Андрей почувствовал укол раздражения, смешанного с чувством бессилия. Он словно бился о невидимую стену из метафор и философских отсылок. Он решил пойти ва-банк.

–Кто вы? – спросил он почти шепотом, но настойчиво, глядя ей прямо в глаза, пытаясь пробиться сквозь ее отстраненность. – Лика?

Он произнес имя, которое сам ей дал, наблюдая за реакцией. Она не вздрогнула, но ее взгляд на мгновение сфокусировался на нем, стал более пронзительным. Пауза затянулась. Казалось, она решает, стоит ли отвечать, и если да, то как.

Долгое мгновение она просто смотрела на него, и ему показалось, что он видит в глубине ее темных глаз что-то похожее на печаль или усталость. Но это было мимолетно. Затем она медленно перевела взгляд на раскрытую книгу Деррида перед ней, провела пальцем по строчке французского текста.

–Я – та, кто читает между строк», – сказала она тихо, но отчетливо. – Как и вы.

Она снова подняла на него глаза, и в них опять появилась та легкая, неуловимая ирония.

–Вы переводите тексты, пытаетесь найти точный смысл, перенести его из одного языка в другой.
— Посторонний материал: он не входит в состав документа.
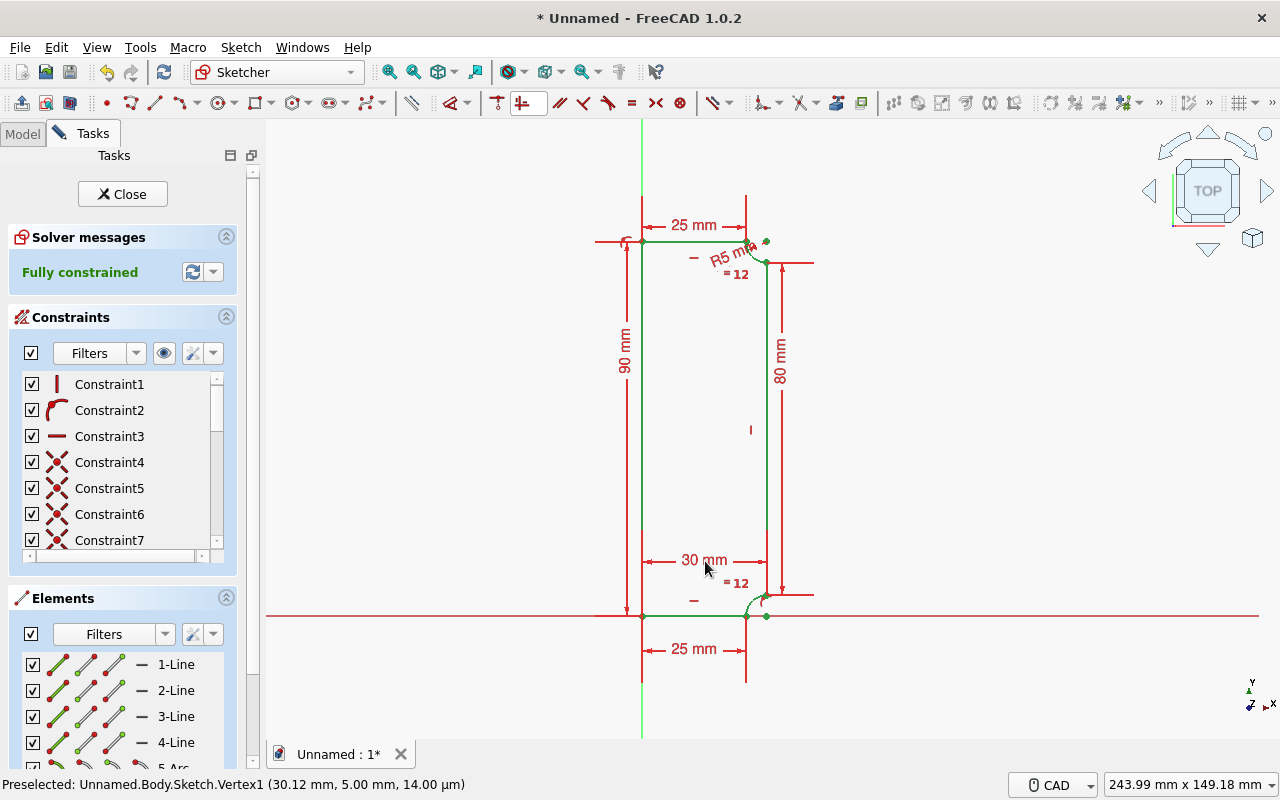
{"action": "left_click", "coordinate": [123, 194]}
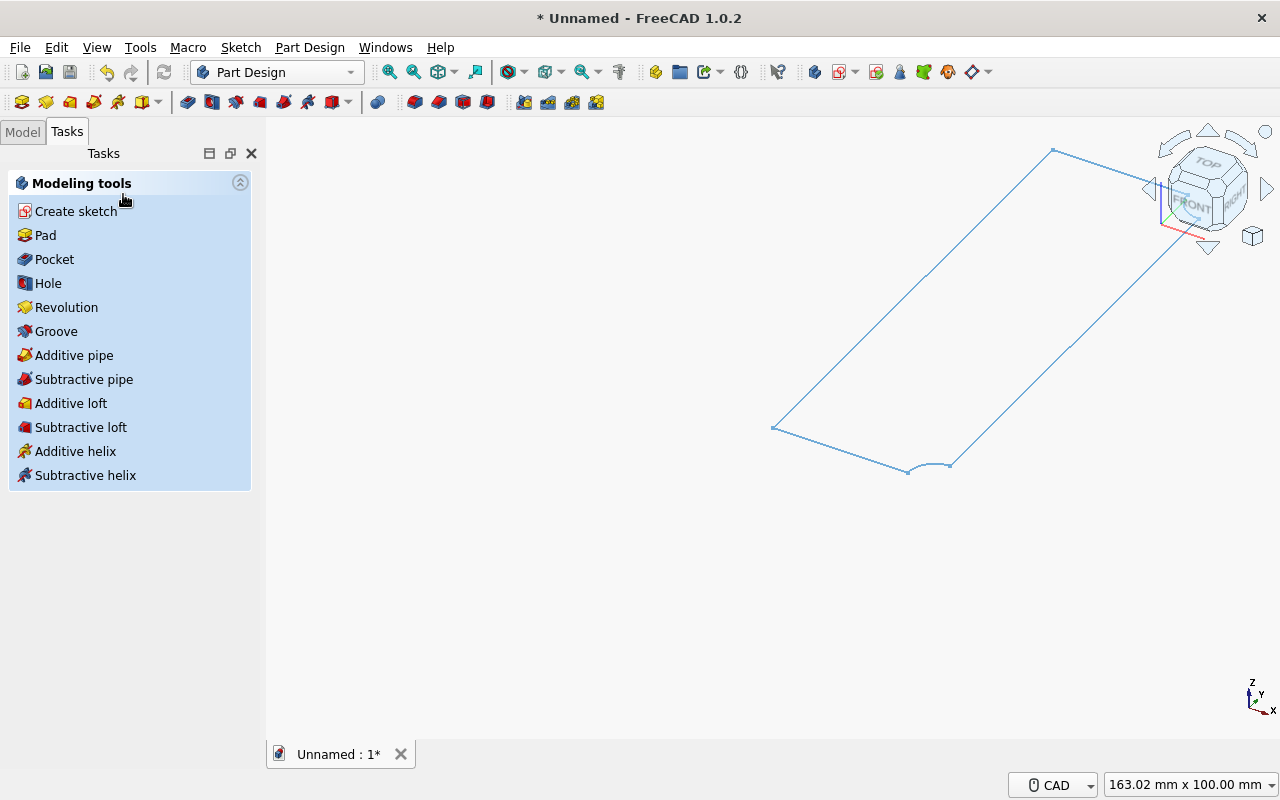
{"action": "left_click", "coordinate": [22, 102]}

А я… я читаю пробелы. Паузы. То, что стерто. То, что не сказано.– Она кивнула на свои шрамы, сначала на запястье, потом едва заметно коснулась пальцами шеи под красным шарфом. – Знаки препинания в тексте реальности.

Снова уклончивый ответ. Метафора вместо факта. Она не назвала своего имени, не объяснила своей природы. Она определила себя через процесс, через отношение к тексту, к знакам, к нему самому. Она мастерски избегала любой конкретики, любой возможности «схватить» ее, определить, зафиксировать. Она оставалась чистым следом, подвижным знаком, постоянно ускользающим от окончательного значения. Андрей понял, что прямых ответов он, скорее всего, не получит. С ней придется играть по ее правилам.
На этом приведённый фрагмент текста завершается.